The changes are among a raft of new measures in the legislation, which the Government says must be passed by next month or it will threaten the ability of police to carry out covert surveillance.
Justice Minister Judith Collins yesterday tabled a 288-page document outlining the changes, which include letting police seize firearms licences and dealers' licences, and new powers to search people for firearms if there is a police safety order on them.
The Search and Surveillance Bill has had a rocky path through Parliament after languishing on the order paper for years.
The paralysis forced urgent temporary Video Camera Surveillance legislation last year after the courts ruled that search warrants executed by police did not allow them to use video surveillance.
The temporary legislation expires next month.
The bill brings together a raft of laws covering search and surveillance powers by a variety of agencies and specifies when searches may be carried, how they may be carried out and by whom.

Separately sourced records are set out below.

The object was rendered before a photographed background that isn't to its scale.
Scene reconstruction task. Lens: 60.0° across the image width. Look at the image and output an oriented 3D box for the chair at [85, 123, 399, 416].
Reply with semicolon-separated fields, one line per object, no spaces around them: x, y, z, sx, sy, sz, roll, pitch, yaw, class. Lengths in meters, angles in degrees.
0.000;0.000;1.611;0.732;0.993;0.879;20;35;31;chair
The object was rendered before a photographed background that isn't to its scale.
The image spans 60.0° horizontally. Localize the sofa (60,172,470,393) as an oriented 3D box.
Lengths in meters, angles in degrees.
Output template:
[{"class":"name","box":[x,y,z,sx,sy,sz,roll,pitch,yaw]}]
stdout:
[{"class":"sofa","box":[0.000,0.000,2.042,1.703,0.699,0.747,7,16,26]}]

It also gives police new powers including examination orders, production orders, surveillance device warrants and the ability to preserve evidence of serious offences punishable by 14 years' imprisonment or more.

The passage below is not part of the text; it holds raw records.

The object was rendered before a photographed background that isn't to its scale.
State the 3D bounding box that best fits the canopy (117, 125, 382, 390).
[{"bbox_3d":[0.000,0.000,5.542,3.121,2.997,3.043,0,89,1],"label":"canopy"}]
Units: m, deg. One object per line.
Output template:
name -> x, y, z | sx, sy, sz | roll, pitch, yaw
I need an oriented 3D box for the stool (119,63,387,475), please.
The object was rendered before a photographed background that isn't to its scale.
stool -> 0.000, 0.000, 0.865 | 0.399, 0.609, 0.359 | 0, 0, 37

Ms Collins said the tight timeframe was why the changes would not be sent back to a select committee for public scrutiny.
"There is a risk that current investigations could be jeopardised along with the safety of police working on them."
She said the other major change - journalists' claim to journalistic privilege when protecting their sources of information - would be determined by a High Court judge. "While a claim of privilege is being decided by the court, the information in question will be held at the High Court for safekeeping - not with the agency conducting the search."
But Labour justice spokesman Charles Chauvel said protection of media privilege remained insufficient and the party would not be supporting the changes.
Fairfax Media group executive editor Paul Thompson said the changes "on the face of it" seemed a genuine attempt by the Government to safeguard journalists' ethical responsibility to protect sources. "But it is nevertheless a concern that reporters would be required to hand over information to a judge who may in turn decide to hand it over to an investigating agency. We need to know more about this proposal, which could have a chilling effect on investigative journalism."